Would you restate, word for word, only the lines starting at the one with "- forklift (678,0,1242,771)" and ending with the final line of the entries below? Pictures stay out.

====== Task data ======

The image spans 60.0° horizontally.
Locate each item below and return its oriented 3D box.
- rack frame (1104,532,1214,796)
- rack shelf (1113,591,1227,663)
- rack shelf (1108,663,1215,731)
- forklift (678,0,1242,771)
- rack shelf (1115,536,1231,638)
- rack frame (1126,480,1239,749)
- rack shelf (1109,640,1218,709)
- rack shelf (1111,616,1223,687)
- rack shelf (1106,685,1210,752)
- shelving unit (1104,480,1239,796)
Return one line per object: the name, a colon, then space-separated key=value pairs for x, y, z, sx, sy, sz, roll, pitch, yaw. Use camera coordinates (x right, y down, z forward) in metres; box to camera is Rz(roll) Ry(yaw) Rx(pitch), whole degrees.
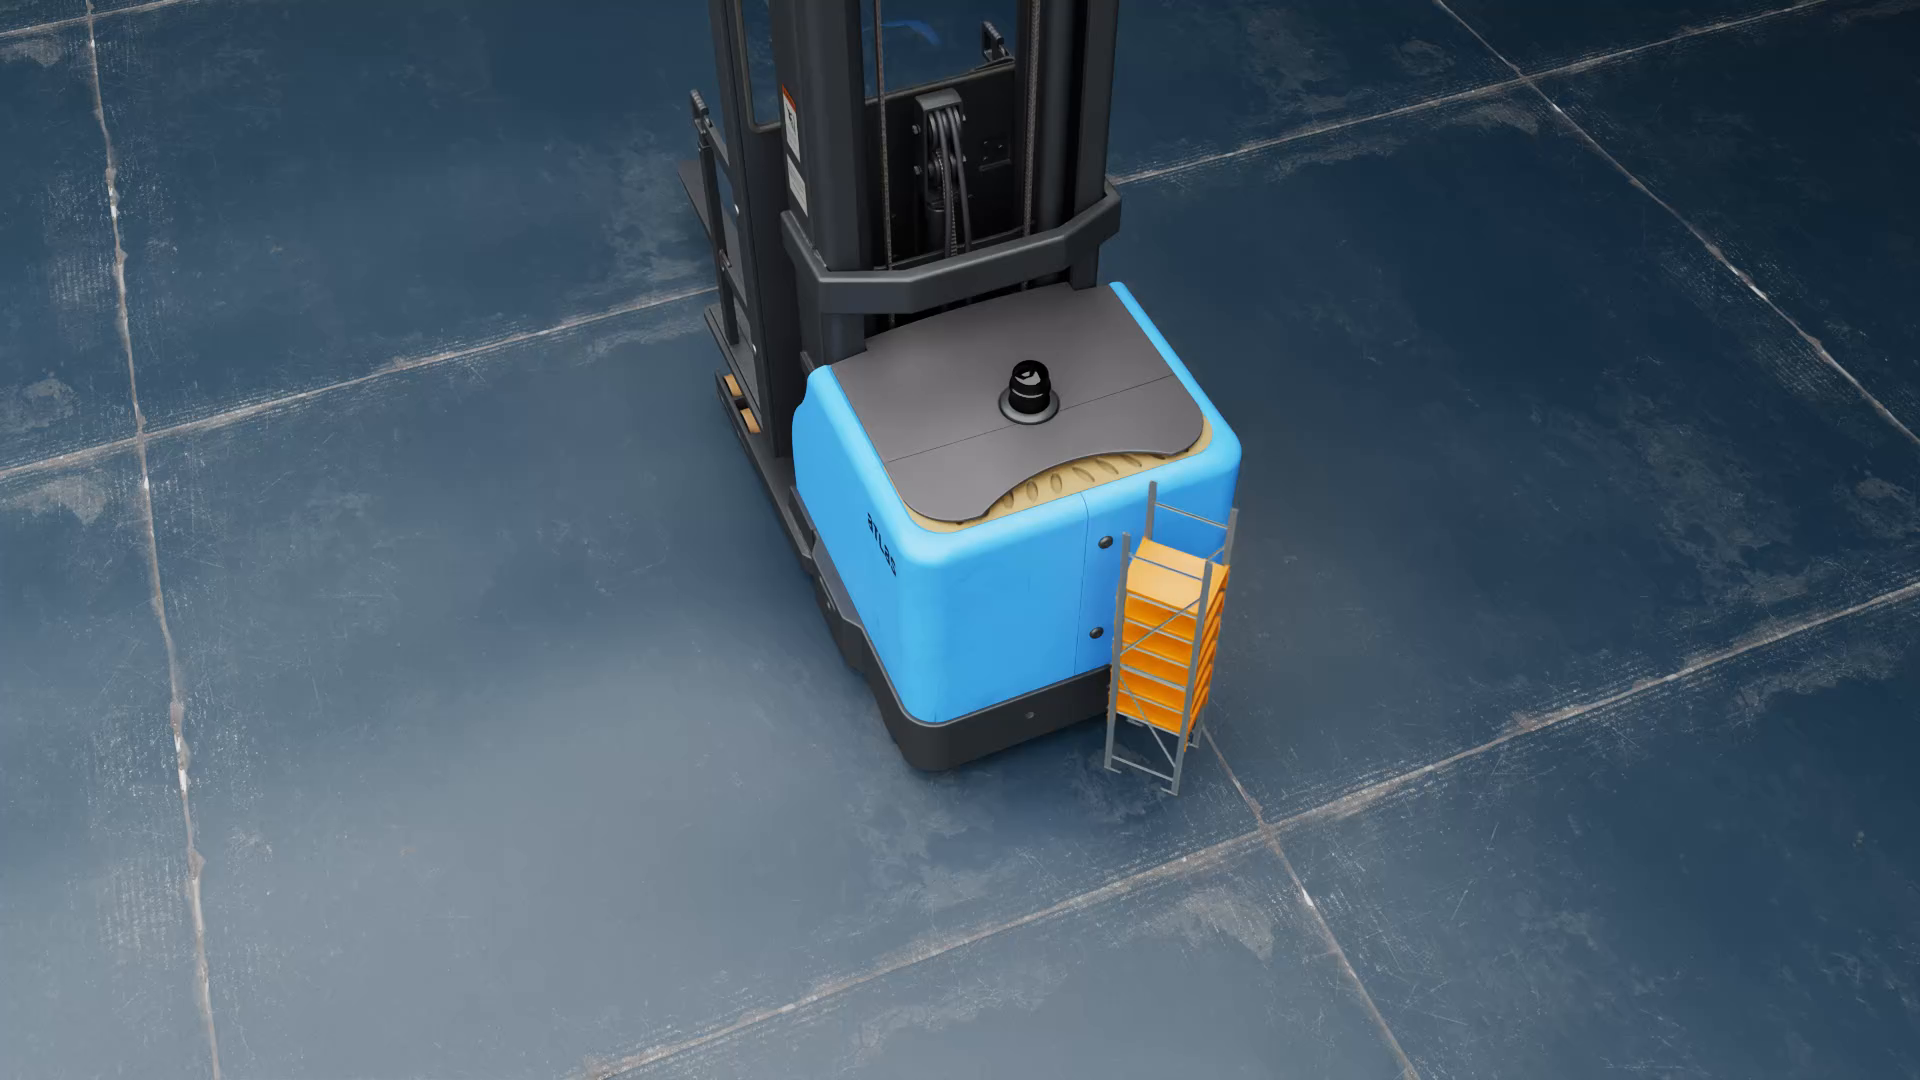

======

Task response.
- forklift (678,0,1242,771)
- rack shelf (1115,536,1231,638)
- rack frame (1126,480,1239,749)
- rack shelf (1109,640,1218,709)
- rack shelf (1111,616,1223,687)
- rack shelf (1106,685,1210,752)
- shelving unit (1104,480,1239,796)
Return one line per object: the name, a colon, then space-separated key=value pairs for x, y, z, sx, sy, sz, roll, pitch, yaw. Use camera coordinates (x right, y down, z forward) in metres; box to camera is Rz(roll) Ry(yaw) Rx(pitch), whole degrees.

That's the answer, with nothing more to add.